Thirdly; this is a toss-up between passing my bike test and my first proper job. The bike test expanded my views on places and to some degree, people. It has also given me a lot more self confidence and reduced my aggression. I am also able to be much more focussed, able to plan things more in advance and enjoy the moment, something which I very much struggled with doing before then.

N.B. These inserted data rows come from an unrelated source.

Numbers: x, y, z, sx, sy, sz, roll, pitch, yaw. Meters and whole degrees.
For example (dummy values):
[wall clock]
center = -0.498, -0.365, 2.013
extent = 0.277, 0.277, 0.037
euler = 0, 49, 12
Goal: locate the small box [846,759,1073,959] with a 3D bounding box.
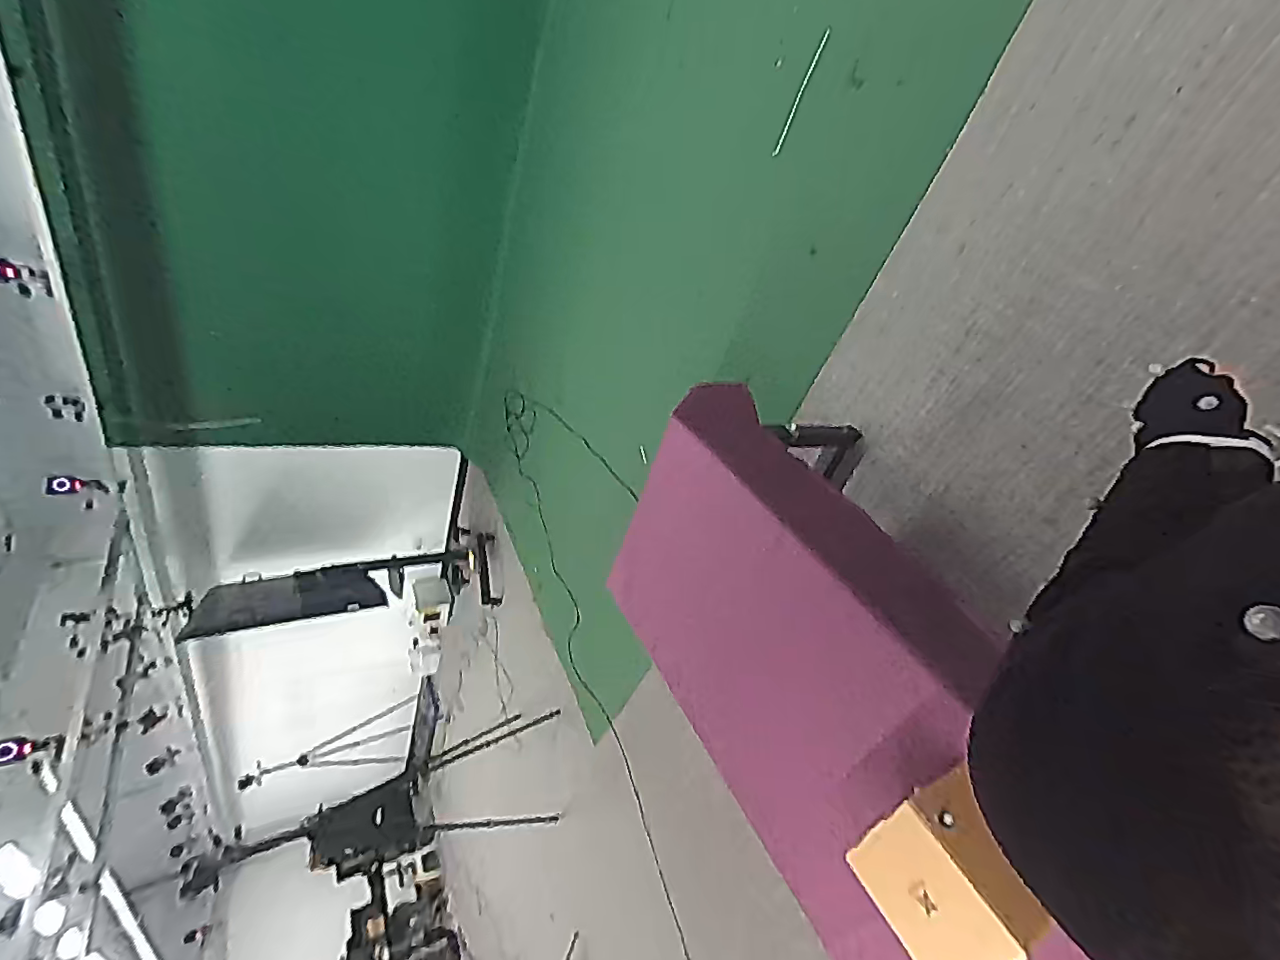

My first 'proper' job was working in an advertising agency, doing graphic and web design with a bit of copywriting from when I was 15-18, on and off. I got paid £15 per hour, and that is a LOT of money when you have no outgoings and working anything up to 20 hours a week. So I lived a very good couple of years and also dealt with things like client meetings with people up to three times my age. I think that perhaps the defining moment of that job and maybe that whole year was when, as a 16 year old, I got paid £45 to sit in a pub for three hours, drinking on someone else's money and then going back, throwing a website together in half an hour and the client being perfectly happy. It was at that precise moment, throwing up in the toilet after several (I wasn't the drinker I am now, 4 years ago :P) pints of real ale (was into that at the time) that I realised that maybe I could have a career and earn a lot of money by talking; we basically tricked a man out of 3 hours of studio/copywriting time which was about £350, all told. Plus expenses which included pies from Rooks and lots of beer. It was when I started getting into the white, powdery side of that lifestyle that it hit me that I might actually have to start working for a living, as the advertising world is not the real world.
Sorry about the long post, I had a long think about it.
Balky001
20-09-08, 04:13 PM
1. Becoming a dad
2. Leaving a retail job at 30 and getting a job in asset management
3. Taking up biking at 35. Found what I was looking for, got to meet some cool people and love the track.